Less Can Be More In Cancer Treatment


In the world of cancer treatment, more is not always better. That’s the lesson being learned by cancer treatment specialists through a series of recent studies.

For years oncologists have generally approached the challenge of cancer treatment with the attitude that more treatment is better – unless it kills you! They pushed the envelope of cancer drugs as far as the body would allow in a desperate attempt to stave off the onslaught of cancer cells. In general, this approach has produced improved cancer survival rates.

But now that cancer survival rates have improved, many are questioning the use of expensive cancer drugs when conditions don’t seem to warrant their use.

Peter Loftus, writing in The Wall Street Journal, reports a federal study, presented at the recent annual meeting of the American Society of Clinical Oncology, showed that many women with early-stage breast cancer could safely skip commonly used chemotherapy after surgery. This finding could potentially spare tens of thousands of women a year from chemotherapy side effects such as nausea and early menopause.

Another study presented at the meeting concluded that many patients with advanced kidney cancer could forgo kidney –removal surgery and instead take a drug called Sutent, manufactured by Pfizer, Inc. The study was funded by Pfizer.

A study by a U.K. health institute found that reducing treatment with Roche Holding AG’s breast cancer drug Herceptin to six months instead of twelve months reduced potential heart-related side effects and its cost without sacrificing effectiveness.

Rising Cost of Cancer Drugs

Part of the impetus for these studies, usually funded by government, is to lower the cost of cancer treatment by reducing the use of expensive cancer treatment drugs. The average U.S. monthly price of oncology drugs more than doubled to $15,535 per patient in 2015 from $7,103 in 2006, according to a May report in the Journal of Oncology Practice. Overall U.S. spending on cancer drugs doubled from 2012 to 2017, to nearly $50 billion, according to IQVIA Institute for Human Data Science.

The rising cost of cancer drugs has led patients and health insurers to question the assumption that “the maximum dose that they can physically cope with is the right dose,” said Christopher McCabe, executive director of the Institute of health economics, a health-policy non-profit in Edmonton, Alberta.

Unfortunately, the economics of such treatment decisions is highly influenced by the motives of those doing the studies. Pharmaceutical companies do studies that tend to encourage the use of their drugs. Governments that pay for the drugs do studies that tend to discourage the use of the drugs.

But at least one drug company executive thinks it is a good thing to analyze the effectiveness of current drug regimes. Pascal Soriot, CEO of Astra-Zeneca, said in a recent interview, “It is of course a threat, but I think it’s the right thing to do. The debate should happen.”

In 2006, the National Cancer Institute started a large clinical trial to test whether women at intermediate risk of recurrence could safely skip chemotherapy. Over 10,000 women were enrolled in the study. Women in the low risk group were assigned to receive hormone therapy alone, while those in the high-risk group received both hormone therapy and chemotherapy.
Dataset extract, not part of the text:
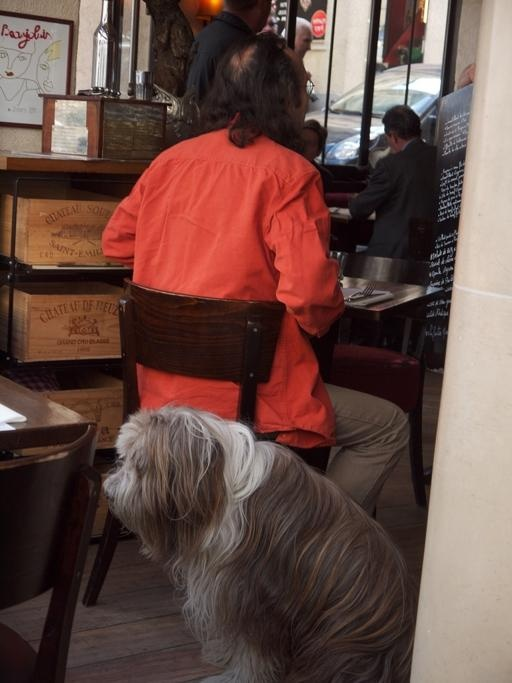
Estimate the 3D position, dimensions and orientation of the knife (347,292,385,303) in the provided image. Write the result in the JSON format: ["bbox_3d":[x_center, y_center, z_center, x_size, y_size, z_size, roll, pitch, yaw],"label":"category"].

In the intermediate-risk group, the most challenging for treatment decision-making, more than 6,700 were assigned either the combination treatment or hormone therapy alone.

Nine years later the results showed 83.3% of those who received hormone therapy alone were free of disease while 84.3% of those who received both hormones and chemotherapy were disease free. Obviously, the chemotherapy in these patients was unnecessary.

Studies like this can spare thousands of women the side effects and potential permanent harm from toxic chemotherapy agents. They can also substantially lower healthcare treatment costs. Sometimes less is more.